TASK: Exactly the lines starting at the line containing "#1 board game box (234,82,410,410)" and ending at the line containing "#4 toy bus (0,207,165,376)" are to be written out from the listing below, both included.

* * *

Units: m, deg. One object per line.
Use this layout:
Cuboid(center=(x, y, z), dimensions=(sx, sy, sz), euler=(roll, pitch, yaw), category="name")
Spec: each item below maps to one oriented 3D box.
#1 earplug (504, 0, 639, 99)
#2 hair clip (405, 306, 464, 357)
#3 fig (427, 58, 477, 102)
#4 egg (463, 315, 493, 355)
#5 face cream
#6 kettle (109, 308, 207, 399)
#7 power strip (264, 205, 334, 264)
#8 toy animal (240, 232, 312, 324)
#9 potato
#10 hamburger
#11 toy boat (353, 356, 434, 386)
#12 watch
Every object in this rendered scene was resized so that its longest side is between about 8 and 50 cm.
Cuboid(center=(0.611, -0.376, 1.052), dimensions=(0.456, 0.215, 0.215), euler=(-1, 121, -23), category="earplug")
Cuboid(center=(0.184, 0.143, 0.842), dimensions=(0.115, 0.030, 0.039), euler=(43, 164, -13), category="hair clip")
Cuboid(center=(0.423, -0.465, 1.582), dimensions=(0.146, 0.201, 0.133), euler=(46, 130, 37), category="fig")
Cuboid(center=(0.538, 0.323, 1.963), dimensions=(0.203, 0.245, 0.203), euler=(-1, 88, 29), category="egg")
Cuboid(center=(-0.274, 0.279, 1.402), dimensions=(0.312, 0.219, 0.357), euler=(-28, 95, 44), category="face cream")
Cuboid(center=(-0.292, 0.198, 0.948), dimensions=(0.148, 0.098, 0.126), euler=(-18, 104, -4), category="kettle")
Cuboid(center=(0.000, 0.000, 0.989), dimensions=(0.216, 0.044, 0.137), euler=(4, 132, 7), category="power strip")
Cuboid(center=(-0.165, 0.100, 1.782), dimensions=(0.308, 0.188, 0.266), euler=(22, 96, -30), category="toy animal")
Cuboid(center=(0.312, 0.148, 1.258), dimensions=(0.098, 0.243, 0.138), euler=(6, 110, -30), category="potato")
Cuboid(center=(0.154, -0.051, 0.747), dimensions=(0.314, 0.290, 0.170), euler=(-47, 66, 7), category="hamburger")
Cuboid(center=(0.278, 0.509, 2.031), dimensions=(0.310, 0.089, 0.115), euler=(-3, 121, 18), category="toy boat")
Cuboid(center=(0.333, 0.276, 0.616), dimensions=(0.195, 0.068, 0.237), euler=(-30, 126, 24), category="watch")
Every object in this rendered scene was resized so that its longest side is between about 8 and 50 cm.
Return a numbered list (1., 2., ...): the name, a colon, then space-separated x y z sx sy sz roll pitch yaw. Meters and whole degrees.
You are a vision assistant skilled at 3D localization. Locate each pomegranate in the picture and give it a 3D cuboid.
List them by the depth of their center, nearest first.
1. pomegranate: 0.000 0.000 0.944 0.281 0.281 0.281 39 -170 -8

* * *

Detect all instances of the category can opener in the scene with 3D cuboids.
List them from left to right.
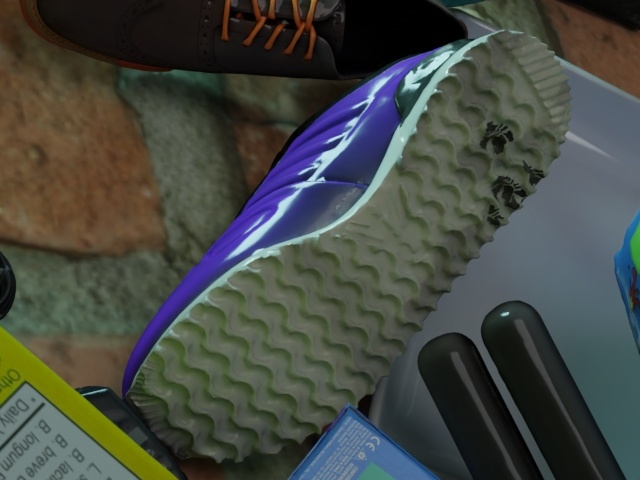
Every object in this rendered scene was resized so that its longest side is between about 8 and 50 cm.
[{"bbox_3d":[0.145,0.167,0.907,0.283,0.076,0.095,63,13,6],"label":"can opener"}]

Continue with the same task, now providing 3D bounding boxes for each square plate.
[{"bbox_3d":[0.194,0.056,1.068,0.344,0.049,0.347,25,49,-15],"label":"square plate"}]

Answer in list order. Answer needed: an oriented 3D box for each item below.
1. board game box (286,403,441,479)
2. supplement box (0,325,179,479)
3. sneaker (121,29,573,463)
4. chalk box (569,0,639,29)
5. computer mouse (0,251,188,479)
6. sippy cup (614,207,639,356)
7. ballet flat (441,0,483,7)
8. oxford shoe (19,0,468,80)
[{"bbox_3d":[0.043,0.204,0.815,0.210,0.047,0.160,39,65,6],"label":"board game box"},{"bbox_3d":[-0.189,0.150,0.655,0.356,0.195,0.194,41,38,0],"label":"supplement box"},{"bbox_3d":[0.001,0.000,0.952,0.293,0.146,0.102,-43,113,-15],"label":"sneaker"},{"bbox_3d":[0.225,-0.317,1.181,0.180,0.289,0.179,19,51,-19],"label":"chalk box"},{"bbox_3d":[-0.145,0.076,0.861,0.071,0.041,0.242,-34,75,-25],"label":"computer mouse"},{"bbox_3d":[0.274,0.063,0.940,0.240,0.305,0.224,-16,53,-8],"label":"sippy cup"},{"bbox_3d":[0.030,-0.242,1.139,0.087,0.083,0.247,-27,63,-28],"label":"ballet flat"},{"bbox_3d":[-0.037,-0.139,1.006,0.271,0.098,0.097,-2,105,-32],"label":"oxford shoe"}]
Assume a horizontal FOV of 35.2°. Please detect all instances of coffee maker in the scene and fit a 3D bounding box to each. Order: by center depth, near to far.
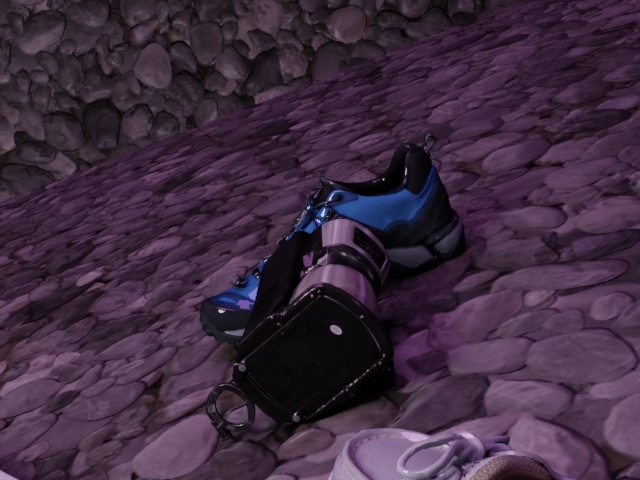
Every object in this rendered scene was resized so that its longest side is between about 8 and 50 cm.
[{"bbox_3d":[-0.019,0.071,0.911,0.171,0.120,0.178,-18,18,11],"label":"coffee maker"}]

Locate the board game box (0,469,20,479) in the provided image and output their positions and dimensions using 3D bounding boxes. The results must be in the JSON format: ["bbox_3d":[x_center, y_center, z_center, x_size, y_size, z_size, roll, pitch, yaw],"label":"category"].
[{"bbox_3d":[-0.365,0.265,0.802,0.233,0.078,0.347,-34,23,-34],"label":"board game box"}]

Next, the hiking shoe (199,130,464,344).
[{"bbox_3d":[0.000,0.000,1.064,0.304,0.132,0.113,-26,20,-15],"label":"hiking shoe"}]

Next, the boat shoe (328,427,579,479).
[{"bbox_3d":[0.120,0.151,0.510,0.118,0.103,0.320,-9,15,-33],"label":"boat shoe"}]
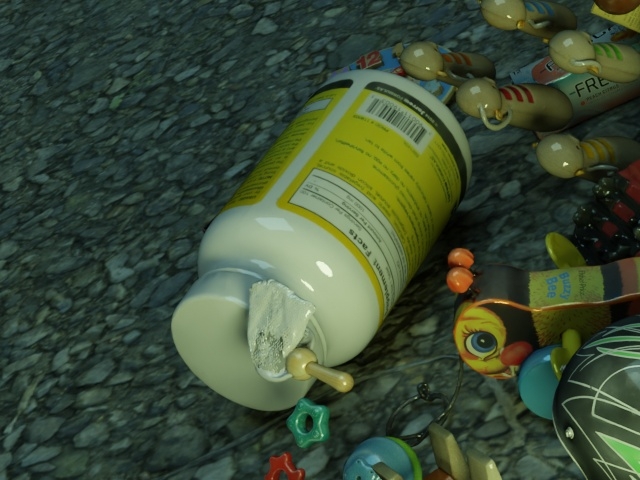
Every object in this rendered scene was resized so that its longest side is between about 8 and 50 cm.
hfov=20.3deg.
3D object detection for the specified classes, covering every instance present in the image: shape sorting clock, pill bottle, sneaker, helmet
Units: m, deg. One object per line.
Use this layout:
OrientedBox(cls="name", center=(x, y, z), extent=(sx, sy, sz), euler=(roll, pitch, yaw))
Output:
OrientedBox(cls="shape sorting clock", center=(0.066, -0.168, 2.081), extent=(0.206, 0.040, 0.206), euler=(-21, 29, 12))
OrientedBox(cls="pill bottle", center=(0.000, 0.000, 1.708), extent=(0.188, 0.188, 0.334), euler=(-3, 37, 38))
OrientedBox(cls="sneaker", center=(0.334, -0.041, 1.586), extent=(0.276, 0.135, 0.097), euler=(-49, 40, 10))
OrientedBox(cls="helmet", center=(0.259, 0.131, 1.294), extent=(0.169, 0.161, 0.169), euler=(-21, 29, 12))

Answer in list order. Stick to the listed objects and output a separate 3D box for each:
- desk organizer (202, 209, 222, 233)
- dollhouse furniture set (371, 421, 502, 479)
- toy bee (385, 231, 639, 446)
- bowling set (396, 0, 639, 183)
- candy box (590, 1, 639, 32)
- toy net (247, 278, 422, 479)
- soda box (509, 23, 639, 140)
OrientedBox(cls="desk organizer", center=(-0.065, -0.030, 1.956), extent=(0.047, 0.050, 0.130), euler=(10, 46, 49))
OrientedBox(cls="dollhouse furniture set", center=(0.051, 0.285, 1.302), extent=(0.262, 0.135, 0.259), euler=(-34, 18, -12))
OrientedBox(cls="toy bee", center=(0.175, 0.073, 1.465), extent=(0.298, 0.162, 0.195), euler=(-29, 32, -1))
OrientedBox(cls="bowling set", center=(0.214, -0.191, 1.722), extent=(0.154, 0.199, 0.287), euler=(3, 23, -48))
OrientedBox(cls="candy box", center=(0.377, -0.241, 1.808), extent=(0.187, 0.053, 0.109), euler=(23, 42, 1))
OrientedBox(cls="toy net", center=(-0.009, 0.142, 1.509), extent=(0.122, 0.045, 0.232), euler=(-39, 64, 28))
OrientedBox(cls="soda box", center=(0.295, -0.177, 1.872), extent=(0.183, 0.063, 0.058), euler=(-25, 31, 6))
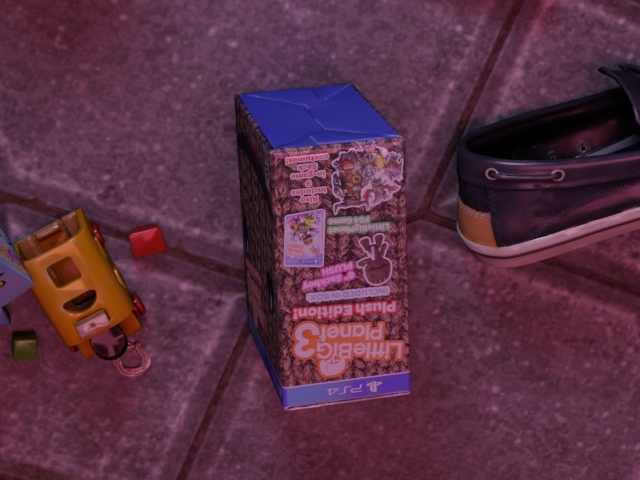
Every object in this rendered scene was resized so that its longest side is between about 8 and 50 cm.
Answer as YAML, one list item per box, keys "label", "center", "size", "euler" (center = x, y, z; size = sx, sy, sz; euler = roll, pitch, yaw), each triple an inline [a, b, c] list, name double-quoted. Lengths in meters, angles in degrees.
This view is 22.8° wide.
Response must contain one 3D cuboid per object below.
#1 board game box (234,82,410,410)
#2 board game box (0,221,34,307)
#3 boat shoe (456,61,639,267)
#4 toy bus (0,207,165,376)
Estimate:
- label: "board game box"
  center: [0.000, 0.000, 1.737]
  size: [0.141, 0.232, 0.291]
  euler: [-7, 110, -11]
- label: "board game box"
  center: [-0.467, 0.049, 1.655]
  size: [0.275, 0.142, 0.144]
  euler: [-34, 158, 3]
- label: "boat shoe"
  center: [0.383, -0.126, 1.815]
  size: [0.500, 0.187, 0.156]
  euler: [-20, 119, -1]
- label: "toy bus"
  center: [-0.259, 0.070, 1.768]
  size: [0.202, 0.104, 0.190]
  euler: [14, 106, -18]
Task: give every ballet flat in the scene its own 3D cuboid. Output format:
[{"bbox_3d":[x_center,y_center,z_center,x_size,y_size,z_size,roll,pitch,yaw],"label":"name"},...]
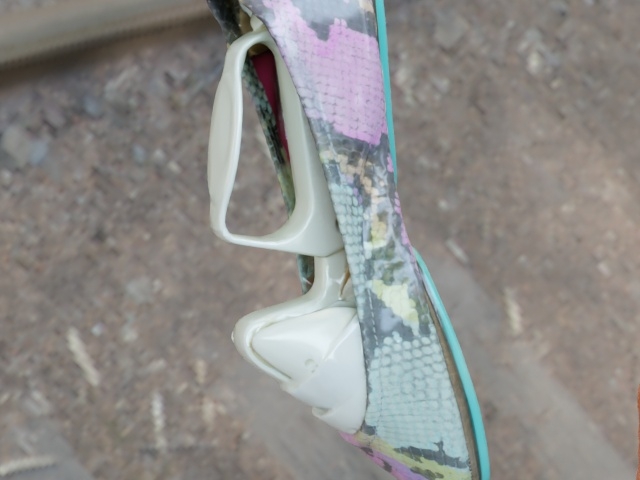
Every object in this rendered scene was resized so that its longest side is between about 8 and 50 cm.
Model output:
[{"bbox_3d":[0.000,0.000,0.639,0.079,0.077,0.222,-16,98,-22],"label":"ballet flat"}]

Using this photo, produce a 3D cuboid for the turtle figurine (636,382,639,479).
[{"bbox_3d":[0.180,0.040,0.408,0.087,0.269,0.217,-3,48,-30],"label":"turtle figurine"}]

* * *

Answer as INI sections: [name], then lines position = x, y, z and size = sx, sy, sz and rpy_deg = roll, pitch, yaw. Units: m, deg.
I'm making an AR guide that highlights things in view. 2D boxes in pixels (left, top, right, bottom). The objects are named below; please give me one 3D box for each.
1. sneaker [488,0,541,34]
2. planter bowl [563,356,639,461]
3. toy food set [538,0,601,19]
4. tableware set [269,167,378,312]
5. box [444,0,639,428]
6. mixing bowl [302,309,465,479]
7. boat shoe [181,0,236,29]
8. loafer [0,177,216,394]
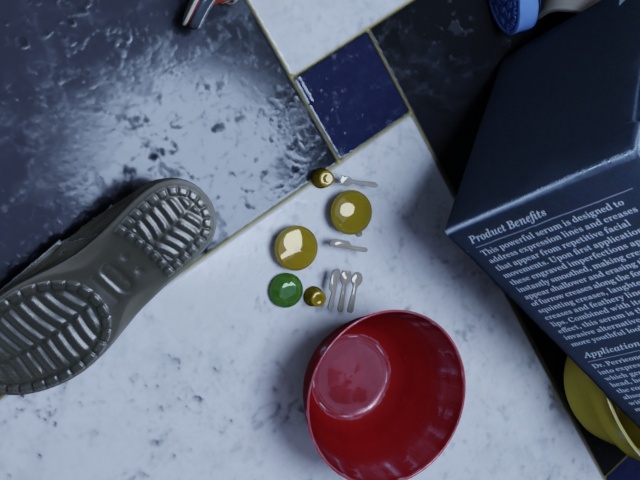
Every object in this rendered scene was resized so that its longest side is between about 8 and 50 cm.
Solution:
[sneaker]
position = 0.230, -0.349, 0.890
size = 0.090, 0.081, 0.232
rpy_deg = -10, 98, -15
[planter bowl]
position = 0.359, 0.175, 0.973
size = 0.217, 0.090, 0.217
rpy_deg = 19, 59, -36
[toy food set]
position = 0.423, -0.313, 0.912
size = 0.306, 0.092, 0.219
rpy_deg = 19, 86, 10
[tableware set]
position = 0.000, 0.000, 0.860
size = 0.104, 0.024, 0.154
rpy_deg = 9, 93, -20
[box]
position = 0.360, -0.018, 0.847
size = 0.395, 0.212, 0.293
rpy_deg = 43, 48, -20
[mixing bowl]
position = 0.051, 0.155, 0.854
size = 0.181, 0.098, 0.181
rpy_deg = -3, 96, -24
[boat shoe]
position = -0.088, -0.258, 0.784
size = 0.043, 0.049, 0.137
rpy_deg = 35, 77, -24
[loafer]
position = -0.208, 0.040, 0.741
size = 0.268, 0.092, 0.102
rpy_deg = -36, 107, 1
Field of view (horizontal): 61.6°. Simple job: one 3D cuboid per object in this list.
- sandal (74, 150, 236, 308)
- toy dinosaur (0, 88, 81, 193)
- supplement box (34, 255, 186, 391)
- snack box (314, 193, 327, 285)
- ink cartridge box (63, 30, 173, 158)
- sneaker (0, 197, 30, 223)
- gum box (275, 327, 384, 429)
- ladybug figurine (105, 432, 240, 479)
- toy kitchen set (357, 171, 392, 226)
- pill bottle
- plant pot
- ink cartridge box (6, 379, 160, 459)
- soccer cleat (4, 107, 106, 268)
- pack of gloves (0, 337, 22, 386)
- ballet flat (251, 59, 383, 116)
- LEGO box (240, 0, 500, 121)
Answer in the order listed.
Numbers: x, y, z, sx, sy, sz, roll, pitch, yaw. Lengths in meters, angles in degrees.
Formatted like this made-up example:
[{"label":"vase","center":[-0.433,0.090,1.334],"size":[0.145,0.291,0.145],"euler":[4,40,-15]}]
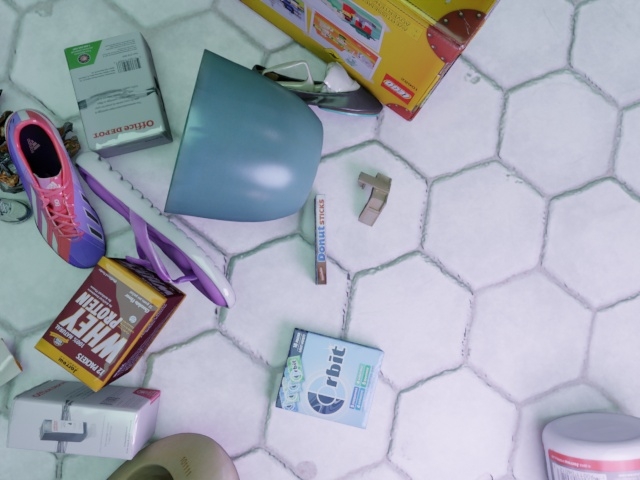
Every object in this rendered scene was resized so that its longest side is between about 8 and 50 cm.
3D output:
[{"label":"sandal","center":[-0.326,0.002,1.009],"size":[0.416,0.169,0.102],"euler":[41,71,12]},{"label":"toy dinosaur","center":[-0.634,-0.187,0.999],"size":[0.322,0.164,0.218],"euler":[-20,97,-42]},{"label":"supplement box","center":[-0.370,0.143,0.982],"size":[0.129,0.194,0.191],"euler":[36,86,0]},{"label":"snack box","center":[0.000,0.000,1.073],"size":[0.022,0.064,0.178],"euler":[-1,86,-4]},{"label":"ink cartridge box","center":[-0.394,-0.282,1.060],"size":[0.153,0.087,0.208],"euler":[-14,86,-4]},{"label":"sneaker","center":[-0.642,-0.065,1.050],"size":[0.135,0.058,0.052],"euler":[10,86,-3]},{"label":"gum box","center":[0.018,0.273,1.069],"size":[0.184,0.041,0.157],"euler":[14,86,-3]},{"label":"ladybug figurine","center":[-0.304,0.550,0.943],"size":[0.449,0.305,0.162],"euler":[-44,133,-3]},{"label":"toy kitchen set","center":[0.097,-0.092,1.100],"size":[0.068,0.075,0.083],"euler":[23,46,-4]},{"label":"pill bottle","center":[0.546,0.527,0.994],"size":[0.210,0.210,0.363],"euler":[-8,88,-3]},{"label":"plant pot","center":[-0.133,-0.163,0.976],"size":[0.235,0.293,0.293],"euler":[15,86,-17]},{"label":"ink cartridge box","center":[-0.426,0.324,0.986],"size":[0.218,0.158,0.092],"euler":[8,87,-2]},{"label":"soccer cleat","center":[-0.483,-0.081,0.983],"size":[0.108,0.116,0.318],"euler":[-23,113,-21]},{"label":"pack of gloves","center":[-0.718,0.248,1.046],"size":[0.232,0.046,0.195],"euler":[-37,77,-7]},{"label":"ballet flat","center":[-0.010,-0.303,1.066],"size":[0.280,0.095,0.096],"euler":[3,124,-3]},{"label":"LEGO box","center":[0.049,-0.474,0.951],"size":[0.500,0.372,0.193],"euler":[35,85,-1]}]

* * *

RESULT:
#1 board game box (234,82,410,410)
#2 board game box (0,221,34,307)
#3 boat shoe (456,61,639,267)
#4 toy bus (0,207,165,376)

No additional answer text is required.